THE TASK:
Reprint all records below exactly. No images.

RECORD EXTRACTS:
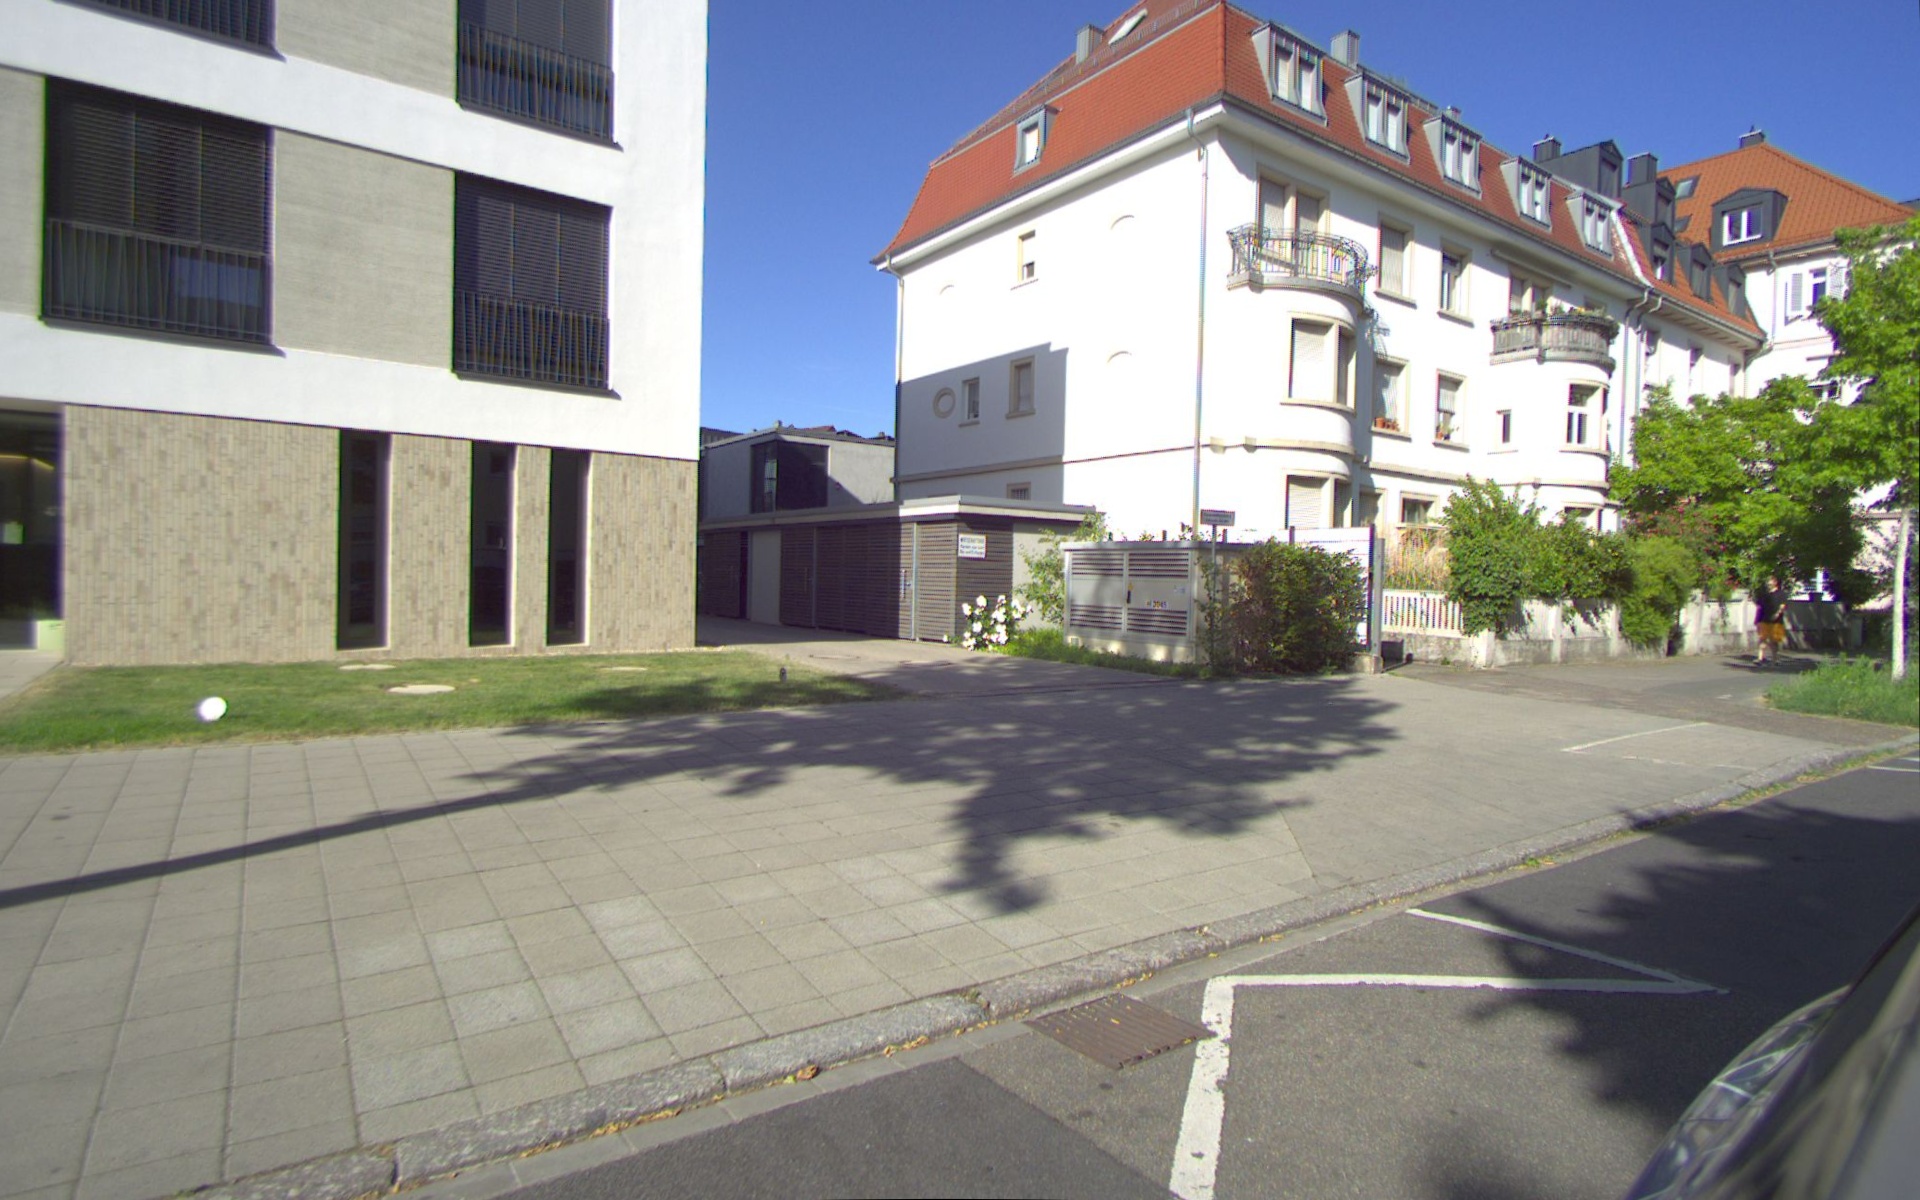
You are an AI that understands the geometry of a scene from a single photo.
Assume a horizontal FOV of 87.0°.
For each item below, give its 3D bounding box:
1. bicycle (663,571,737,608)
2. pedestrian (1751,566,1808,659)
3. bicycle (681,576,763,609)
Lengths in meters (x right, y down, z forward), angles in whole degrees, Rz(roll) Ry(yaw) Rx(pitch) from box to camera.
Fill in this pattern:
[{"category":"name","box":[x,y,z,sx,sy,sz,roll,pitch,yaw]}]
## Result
[{"category":"bicycle","box":[-8.398,-0.347,32.690,2.263,1.138,0.662,1,1,-14]},{"category":"pedestrian","box":[16.354,0.235,20.198,0.784,1.796,0.624,1,2,-35]},{"category":"bicycle","box":[-7.005,-0.209,29.841,2.267,0.936,0.661,1,2,-33]}]
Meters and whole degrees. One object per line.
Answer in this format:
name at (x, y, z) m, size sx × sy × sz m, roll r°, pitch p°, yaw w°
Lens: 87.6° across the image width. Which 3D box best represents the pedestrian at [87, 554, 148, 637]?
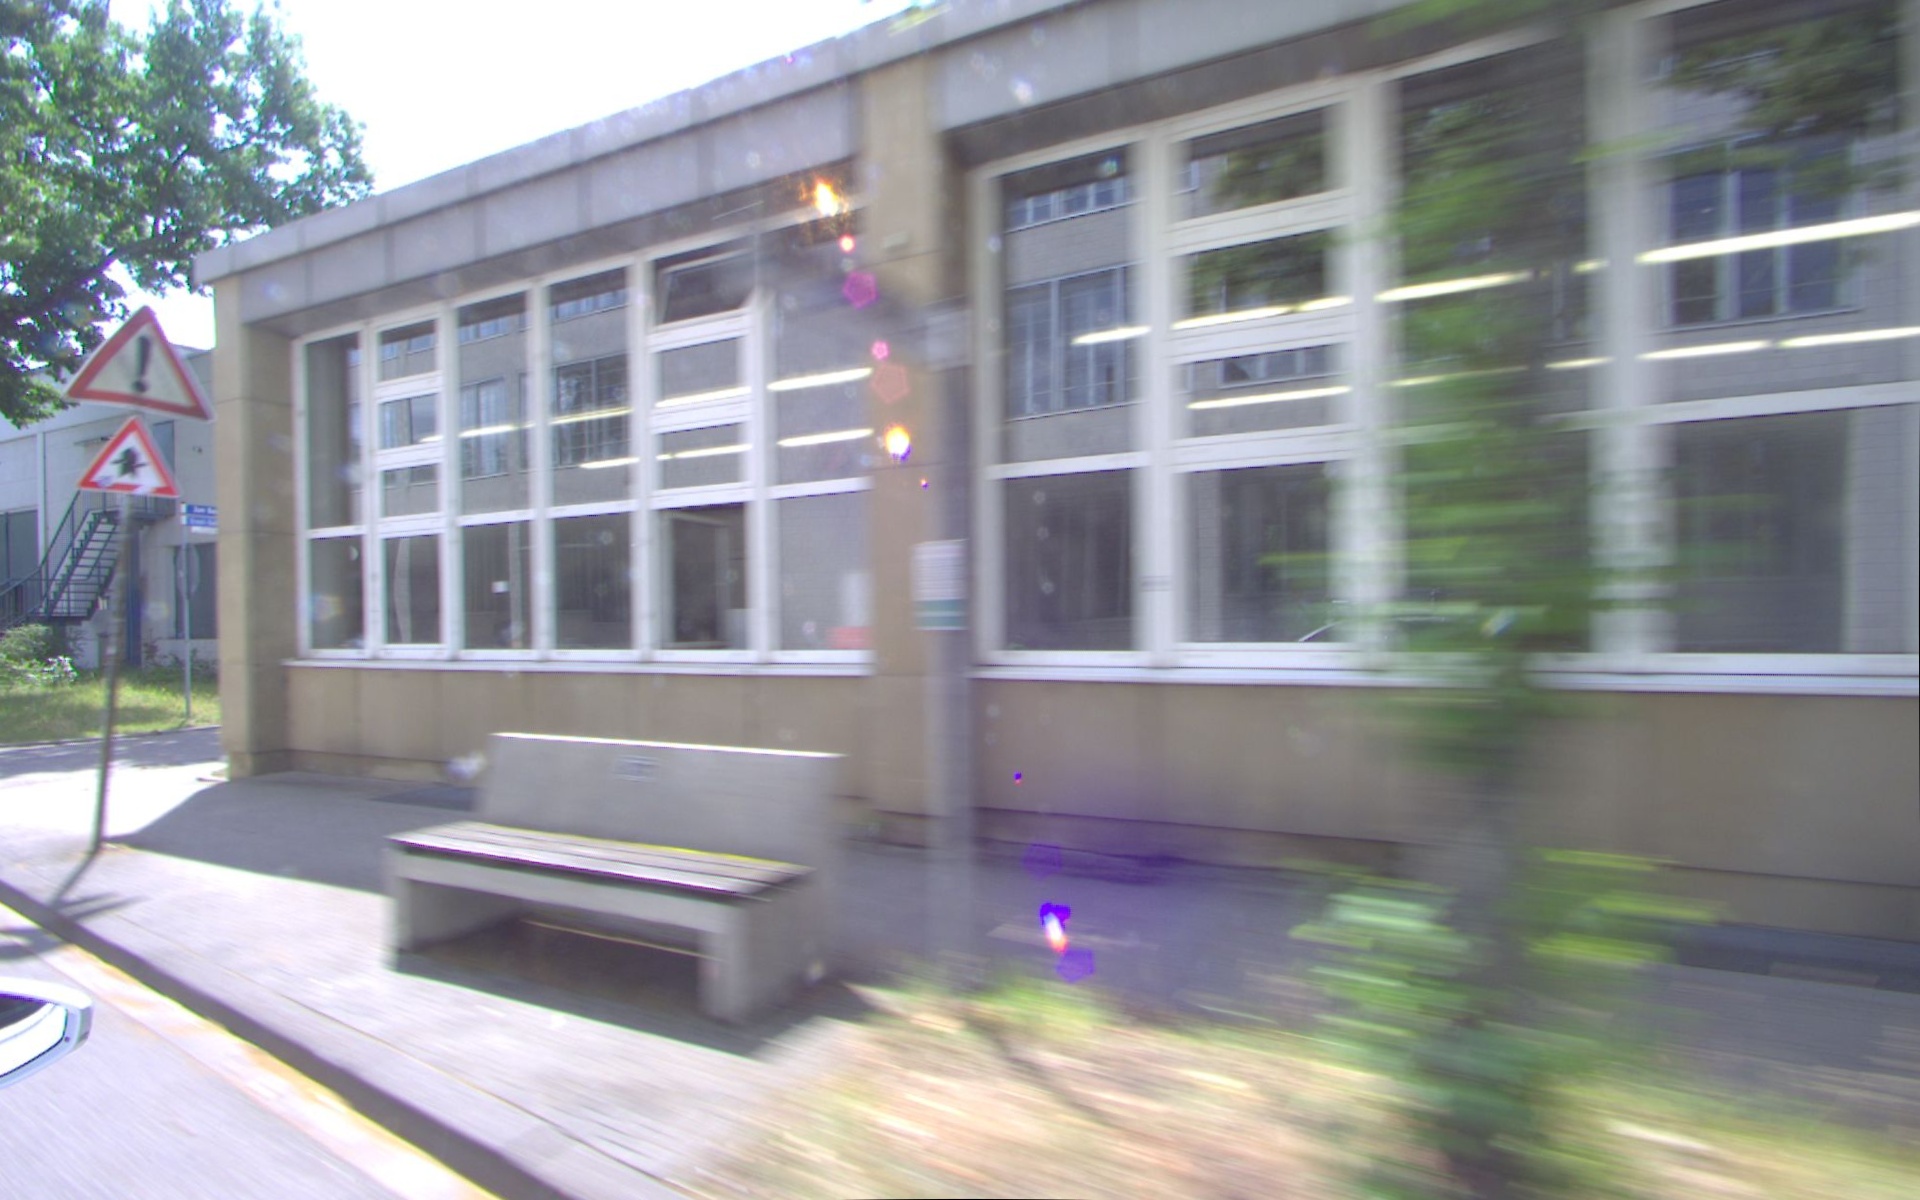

EXERCISE RESPONSE:
You are an AI that understands the geometry of a scene from a single photo.
Assume a horizontal FOV of 87.0°.
For each item below, give its 3D bounding box:
1. bicycle (663,571,737,608)
2. pedestrian (1751,566,1808,659)
3. bicycle (681,576,763,609)
Lengths in meters (x right, y down, z forward), angles in whole degrees, Rz(roll) Ry(yaw) Rx(pitch) from box to camera.
Fill in this pattern:
[{"category":"name","box":[x,y,z,sx,sy,sz,roll,pitch,yaw]}]
## Result
[{"category":"bicycle","box":[-8.398,-0.347,32.690,2.263,1.138,0.662,1,1,-14]},{"category":"pedestrian","box":[16.354,0.235,20.198,0.784,1.796,0.624,1,2,-35]},{"category":"bicycle","box":[-7.005,-0.209,29.841,2.267,0.936,0.661,1,2,-33]}]
Meters and whole degrees. One object per line.
Answer in this format:
name at (x, y, z) m, size sx × sy × sz m, roll r°, pitch p°, yaw w°
Lens: 87.6° across the image width. Which 3D box best represents the pedestrian at [87, 554, 148, 637]?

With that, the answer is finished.